Canapa e Marijuana fanno parte della stessa famiglia ma sono cose diverse: la prima, quella che si produceva in gran quantità in Piemonte, Emilia Romagna e sud Italia, serve per produrre alimenti (semi, olio, farina), bio-carburante, carta, tessuti, cordame, prodotti cosmetici e materiali (spesso innovativi e molto efficienti) per la bio-edilizia. E’ priva di THC (o meglio, ne contiene pochissimo), il principio attivo che “sballa”, non ha quindi alcun effetto psicotropo e soprattutto la sua coltivazione in Italia è legale e regolamentata (per chi fosse interessato ecco un articolo a riguardo: cosa fare per coltivare la canapa).
La seconda, quella più conosciuta, cantata da Bob Marley e simbolo della cultura hippie (e contemporaneamente dagli importanti e sempre più diffusi utilizzi terapeutici) è invece una sostanza psicoattiva, considerata droga leggera e la cui coltivazione in Italia è vietata.

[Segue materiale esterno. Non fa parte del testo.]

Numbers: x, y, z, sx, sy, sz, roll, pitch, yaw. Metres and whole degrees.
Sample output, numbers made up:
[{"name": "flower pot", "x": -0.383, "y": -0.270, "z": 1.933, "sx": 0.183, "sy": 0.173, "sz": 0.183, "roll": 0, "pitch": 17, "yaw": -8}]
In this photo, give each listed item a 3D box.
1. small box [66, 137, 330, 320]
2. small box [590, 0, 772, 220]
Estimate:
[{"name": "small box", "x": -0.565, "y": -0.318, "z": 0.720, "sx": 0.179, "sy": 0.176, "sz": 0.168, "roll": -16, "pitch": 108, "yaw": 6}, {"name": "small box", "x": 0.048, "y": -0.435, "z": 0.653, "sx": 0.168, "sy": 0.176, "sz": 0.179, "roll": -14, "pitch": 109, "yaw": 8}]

Esteticamente le due piante sono molto simili, soprattutto in fase di crescita, quindi è facile confonderle.
Nell’ultimo periodo abbiamo ricevuto segnalazioni di una coltivazione a Domegge di Cadore, immortalata nella foto qui sopra. Lo diciamo subito per tranquillizzare tutti: si tratta di canapa, dunque non di droga, dunque legale al 100%.

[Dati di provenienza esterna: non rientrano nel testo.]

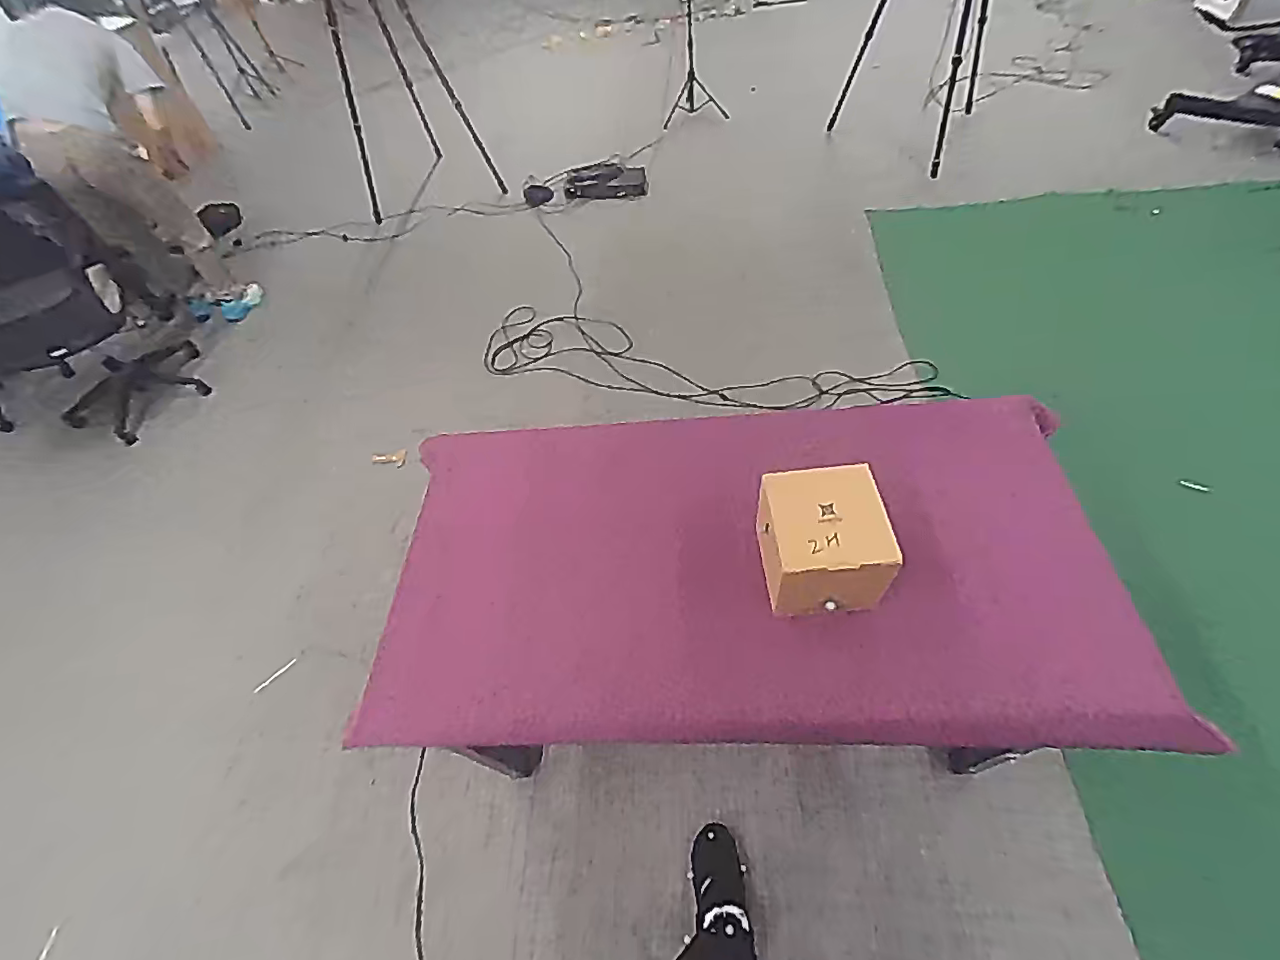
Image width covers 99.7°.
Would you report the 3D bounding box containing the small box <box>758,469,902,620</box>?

Il campo è curato dalla una nuova azienda agricola Il Frutto del Cadore con terreni in vari comuni, tra cui appunto questo di Domegge. Il ritorno della canapa nel Bellunese lo si deve a un progetto nato inizialmente a Soccher di Ponte nelle Alpi un anno fa circa, che sta prendendo piede in varie zone della provincia, tra cui ora anche il Cadore.

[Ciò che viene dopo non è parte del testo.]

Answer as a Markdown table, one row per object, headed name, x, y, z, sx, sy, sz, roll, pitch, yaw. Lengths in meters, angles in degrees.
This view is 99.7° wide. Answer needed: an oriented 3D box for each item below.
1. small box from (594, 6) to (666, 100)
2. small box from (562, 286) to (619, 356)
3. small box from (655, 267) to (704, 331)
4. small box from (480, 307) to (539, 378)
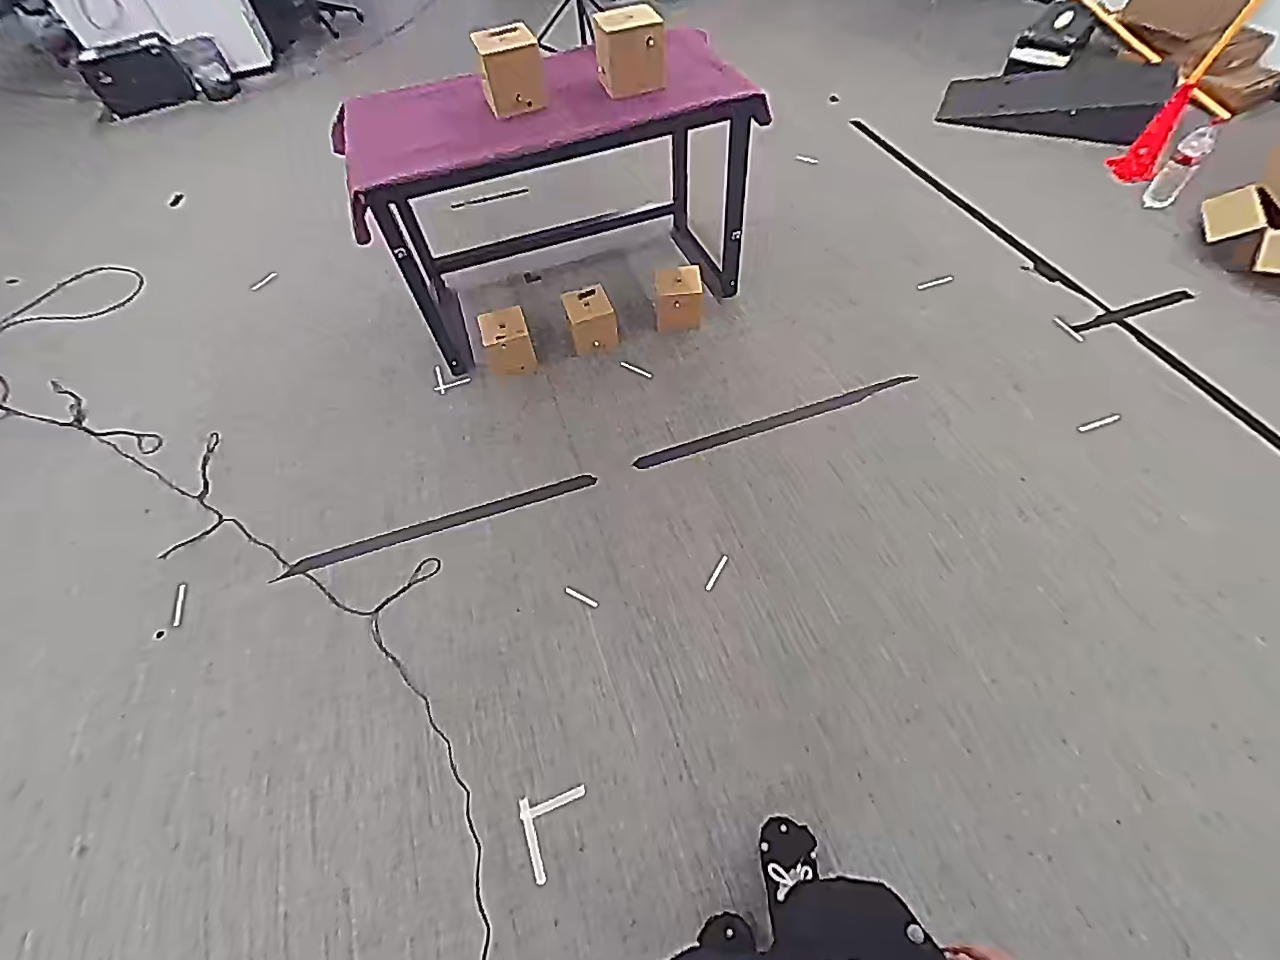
| name | x | y | z | sx | sy | sz | roll | pitch | yaw |
| --- | --- | --- | --- | --- | --- | --- | --- | --- | --- |
| small box | -0.027 | -1.288 | 1.635 | 0.179 | 0.176 | 0.168 | -17 | 56 | -5 |
| small box | -0.189 | -0.607 | 2.076 | 0.168 | 0.176 | 0.179 | -19 | 58 | -7 |
| small box | 0.153 | -0.704 | 2.111 | 0.179 | 0.176 | 0.168 | -5 | 57 | 3 |
| small box | -0.491 | -0.517 | 2.044 | 0.168 | 0.176 | 0.179 | -17 | 56 | -6 |

La canapa, oltre che gli utilizzi sopra citati, ha anche il grande pregio di nutrire il terreno dov’è coltivata e fa parte della nostra cultura popolare (che purtroppo nei decenni è andata persa).
Non possiamo dunque che accogliere positivamente questa novità e augurare buoni raccolti ai nuovi canapicoltori.